The reason the KV Cache can be so small without sacrificing model quality is precisely why DeepSeek can offer long-term caching at incredibly low prices—less than 3% of the cost of a Sonnet 4.6 cache hit, and DeepSeek can retain the cache for several hours.

For long-duration tasks, a smaller KV Cache means it can be more economically offloaded to an SSD and reloaded when needed. This reduces reliance on HBM. From the perspective of the Chinese AI hardware industry, HBM is not only in tight supply but is also one of the most difficult memory types to manufacture.

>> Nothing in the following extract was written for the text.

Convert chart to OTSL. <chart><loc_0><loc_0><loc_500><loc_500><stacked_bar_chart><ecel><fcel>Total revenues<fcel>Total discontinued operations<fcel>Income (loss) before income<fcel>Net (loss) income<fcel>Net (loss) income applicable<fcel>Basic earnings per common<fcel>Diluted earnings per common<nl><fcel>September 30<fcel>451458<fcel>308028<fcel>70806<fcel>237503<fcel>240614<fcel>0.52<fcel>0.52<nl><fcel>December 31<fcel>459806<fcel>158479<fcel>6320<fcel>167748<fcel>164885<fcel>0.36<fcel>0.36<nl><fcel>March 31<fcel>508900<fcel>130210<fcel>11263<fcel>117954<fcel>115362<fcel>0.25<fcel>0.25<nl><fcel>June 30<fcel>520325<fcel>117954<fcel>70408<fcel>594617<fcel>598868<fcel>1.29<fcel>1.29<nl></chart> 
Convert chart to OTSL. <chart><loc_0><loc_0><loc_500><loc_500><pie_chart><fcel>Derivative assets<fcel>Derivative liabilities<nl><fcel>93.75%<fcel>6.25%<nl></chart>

Furthermore, DeepSeek has developed technology for faster loading of KV Cache from SSD, as described in its Dual Path paper.

DeepSeek V4 compresses the KV Cache so aggressively that this step might not even be necessary anymore.

So, who is the most direct beneficiary of KV Cache compression?

Who is mass-producing SSDs? Remember, YMTC (Yangtze Memory Technologies) is growing into a giant in the 3D NAND space. NAND can help DeepSeek avoid recomputing KVs. In turn, DeepSeek creates a massive market for NAND and SSDs—benefiting not only YMTC but also other related manufacturers.

But it's not just about NAND and SSDs.

LPDDR memory also has immense potential. It can serve as a location to store model weights and stream these weights into HBM on demand, thus alleviating pressure on HBM. The SGLang team published a great blog post introducing this. The diagram below shows how this solution works.

Although DeepSeek hasn't specifically designed anything for this scheme, its MoE architecture, its inherently large number of expert models, and its 4-bit weights make this solution much easier to implement.

This diagram illustrates how memory might be used and how model weights could be streamed from LPDDR to HBM. I highly recommend reading the SGLang blog post.

This innovation, combined with extremely compact and lossless KV Cache, will significantly reduce the demand for HBM.

So, who produces LPDDR in China? The answer is CXMT, or Changxin Memory Technologies. They are only about half a generation behind in LPDDR speed and one generation behind in density—a relatively small gap.

Besides ample NAND, the Chinese AI ecosystem will soon have abundant LPDDR supply. Can this alleviate computing power pressure? The answer is: yes. Read on.

Using memory intelligently can also ease the pressure on GPUs / ASICs

The role of using NAND for KV Cache is easy to understand: it allows the KV Cache to be retained for longer, reduces pressure on HBM, and avoids recomputing the KV Cache, thereby easing the computational burden on GPUs and ASICs.

Can LPDDR also play a similar role? Besides being a storage location for streaming weights into HBM "just in time," can it further reduce computational pressure?

The answer is: yes.

LPDDR can be used to store large amounts of content known as Engrams. In DeepSeek's Engram paper, they point out that MoE can expand model capacity through conditional computation, but the Transformer itself lacks a native "knowledge lookup" mechanism. Therefore, Transformers often have to inefficiently simulate retrieval through computation.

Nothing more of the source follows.